Diretoria de Vigilância Sanitária libera licenciamentos para salas de vacinação em Farmácias

Depois de 3 meses de hesitação, a Diretoria de Vigilância Sanitária de Santa Catarina, em comum acordo com a Diretoria de Vigilância Epidemiológica, decidiu que vai liberar o licenciamento de farmácias que desejem aplicar vacinação, desde que cumpram os critérios estabelecidos na Portaria nº44, de janeiro de 2016.

A portaria descreve o trâmite burocrático e a normatização para todas salas de vacinação públicas ou privadas. A Diretoria de Vigilância Epidemiológica já havia se pronunciado favorável ao credenciamento das Farmácias, mas a Vigilância Sanitária alegava que ainda seria necessário um decreto do Governador do Estado para regulamentar a Lei Estadual 16.473/2014, que precedeu a Lei Federal 13.021/2014. Ambas autorizam farmacêuticos e farmácias a aplicar a vacinação.
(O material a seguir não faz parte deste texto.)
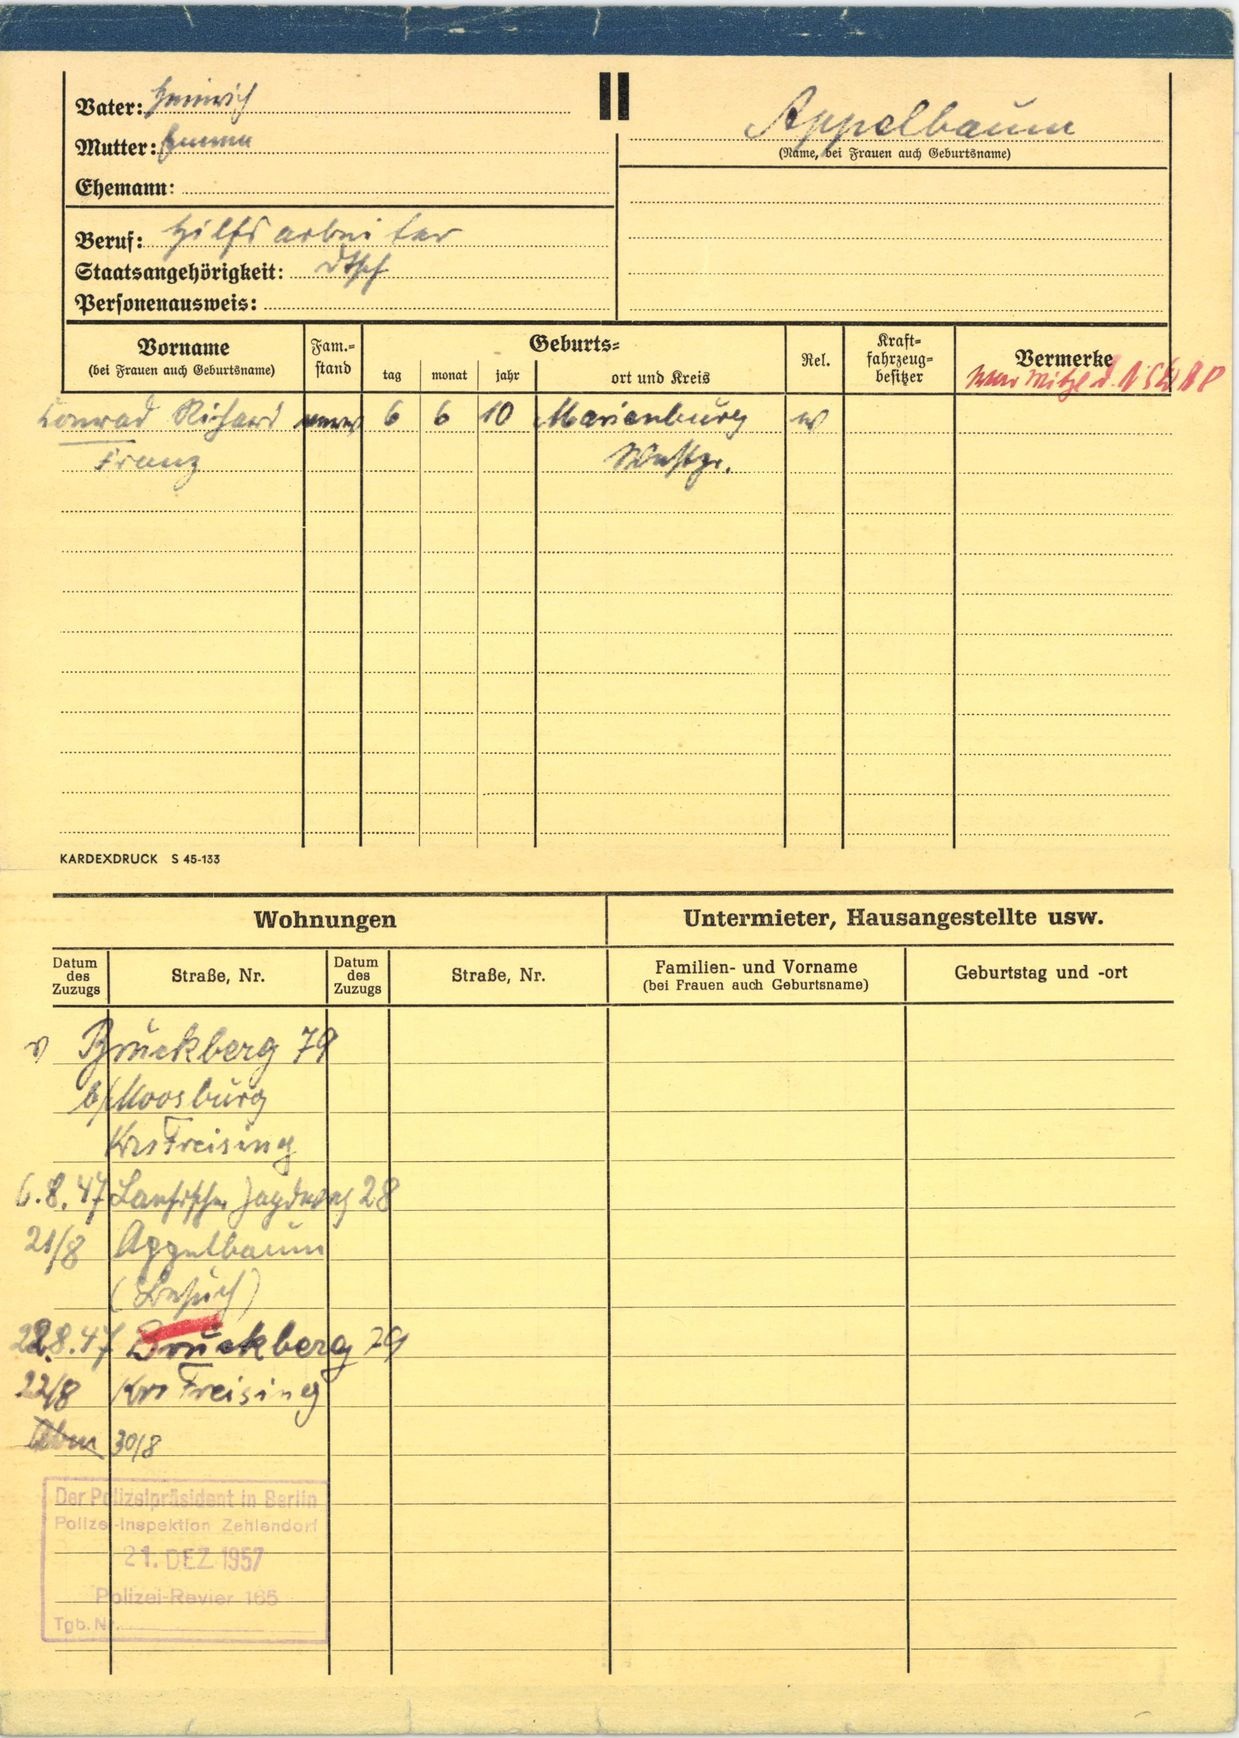
Appelbaum

Após um questionamento formal feito pelo departamento de Jornalismo do CRF-SC, a diretora de Vigilância Sanitária, Raquel Bittencourt, realizou uma reunião com a DIVE e informou, na manhã de quinta-feira (28), que a VISA irá a partir de já autorizar os licenciamentos para salas de vacinação em farmácias, de acordo com a regulamentação da Portaria 44/2016. É preciso que a solicitação de credenciamento seja encaminhada pelo Farmacêutico Responsável Técnico à Diretoria de Vigilância Epidemiológica. O trâmite burocrático está definido na Portaria

Eduardo Macário, diretor da DIVE, sintetiza o processo e a complexidade envolvida na adesão à vacinação:

“O manejo que tem que ser feito dentro do estabelecimento farmacêutico e exige uma complexidade ligada à cadeia da rede de frios do produto biológico que é a vacina. “Se houver alteração de temperatura em algum ponto da cadeia entre o produtor até o usuário, a vacina pode dar reações adversas ou não trazer a imunidade, deixando o usuário com uma falsa sensação de segurança”, explica Eduardo Macário, diretor de Vigilância Epidemiológica da Secretária de Estado da Saúde.
“Então, é facultado ao farmacêutico o credenciamento destas unidades, desde que cumpra toda a legislação. Tem que ter espaço físico adequado, antessala, os equipamentos, o registro dos processos e procedimentos para garantir a qualidade da dispensação da vacina, e tem que pedir o alvará para a vigilância sanitária, pedir o credenciamento junto a vigilância epidemiológica”, explica Macário.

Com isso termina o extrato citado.